Yale senior Mary Yap, with her fiancé Henry Liu ’21.
Yale senior Mary Yap, with her fiancé Henry Liu ’21, who is studying physics in the Eli Whitney Students Program. Their dog, Cassini, is working toward a “diploma” in Yale’s Canine Cognition Center, which gives the honor to canines who participate in research there.

But it was something she observed closer to Earth while in Indonesia that would change her life’s path. In rural rice farming villages, she started to notice firsthand the effects of climate change, and she began her own research. She learned that 40% of human emissions come from buildings, and that the U.N. predicts that 70% of the world’s population will live in cities by 2050.

As the population grows, however, Yap believes cities and dense urban living can actually become an environmentally efficient way to live. “I began to wonder how we are going to make that sustainable,” she said. “How are we going to build a better future?”

When she returned to California, Yap took architecture classes at a community college and at the University of California-Berkeley. One of her architecture professors, whose client’s house had burned down in a wildfire, invited Yap to help her redesign the Sonoma Valley home. The firsthand experience convinced her to pursue her own architecture career, with the goal of looking at design in new, sustainable ways.

That path led her to Yale, where a fellowship from the Franke Program in Science and the Humanities and a Friedman Family Travel/Research Fellowship allowed her one summer to shadow urban planners, designers, and ecologists, mainly in Southeast Asia and Scandinavia.

In both of those places, entire cities have been built quickly from scratch in the middle of the jungle or the middle of the ocean,” she said. “But when I visited them, many were almost empty, such as in Forest City on the coast of Malaysia, which has about a dozen families living there.

These cities are supposed to be green and sustainable, but when I interviewed kids in a fishing village nearby, they told me that their fathers only caught a few fish that week; the new city was accidently put on top of the natural seagrass bed where fish are born.”

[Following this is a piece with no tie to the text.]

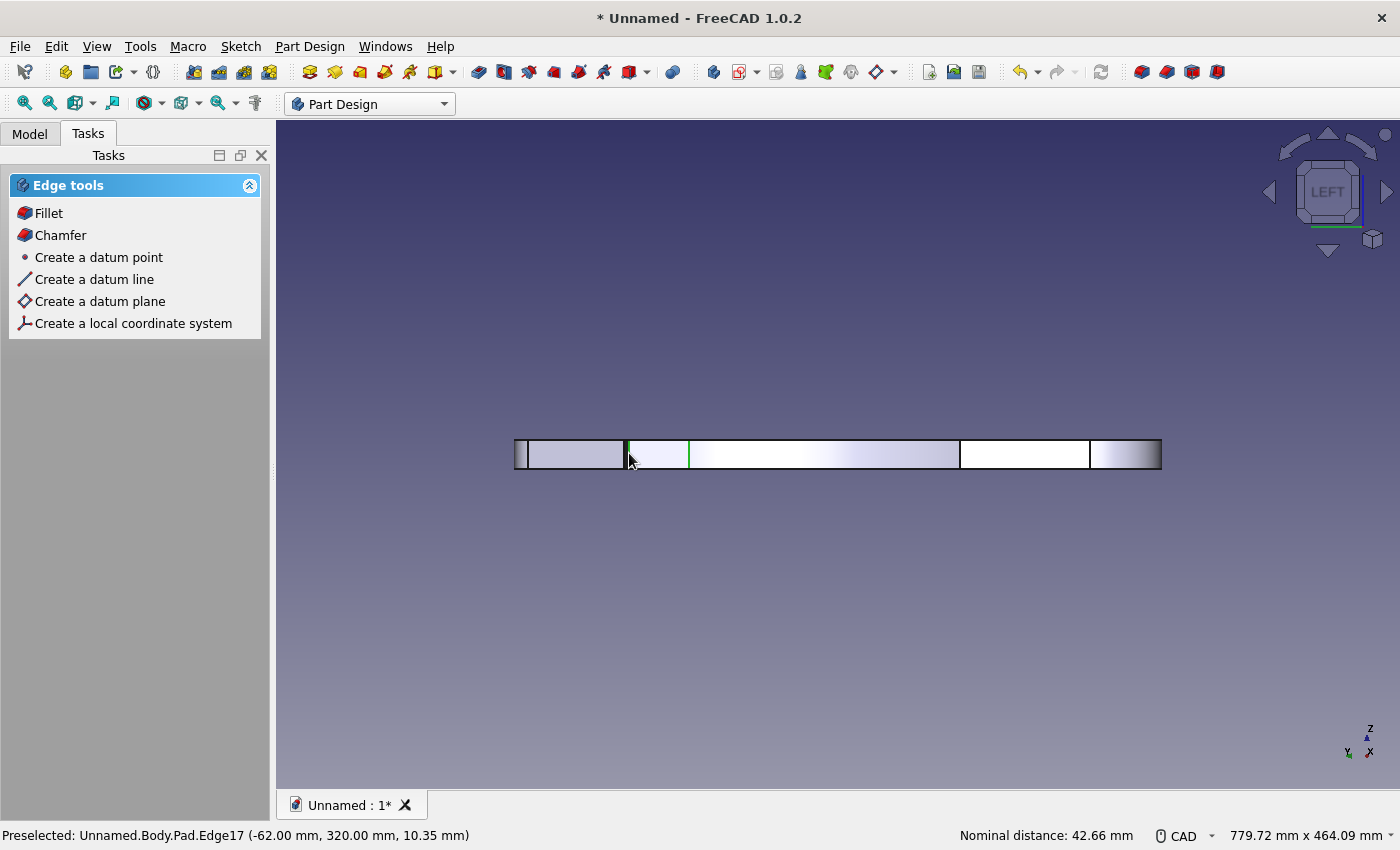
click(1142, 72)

Yap decided to take on a second major, earth and planetary sciences, which has allowed her to focus on questions such as fossil fuels, energy, oceanography, and climate modeling. She also works in the laboratory of Juan Lora, assistant professor of geology and geophysics, who studies planetary climates.

I decided that for me to do the kind of architecture I want to do, I want to understand things like sea-level rise and ecology, and how those matter in the choice of any site,” she added.

With skills she honed taking a variety of fiction and nonfiction writing courses over the past two years, Yap is currently working on a book based on the life of her grandmother, the daughter of Taiwanese farmers whose entrepreneurial spirit helped raise their family out of poverty. The project grew out of a seminar she took with Yale historian John Gaddis called “The Art of Biography.”

On campus, Yap has served as co-president this year of the Eli Whitney Students Society, was co-president last year of the undergraduate entrepreneurship networking society Yale 203, and is a member of Kappa Kappa Gamma Society.

Her next deep questions concern her future beyond Yale. Yap is considering spending a year or so working on her book project before earning a graduate-level architecture degree. She is certain, however, that outdoor adventures, including astrophotography, will be in her future.

Survival is not guaranteed for any of us, either individually or as a society,” she said. “So before earning my master’s in architecture, I’d like to take a step back to synthesize all the things I have learned at Yale, and understand how I can best contribute. The problems ahead of us are immense, and sometimes it takes big-picture thinking to know how to address them.”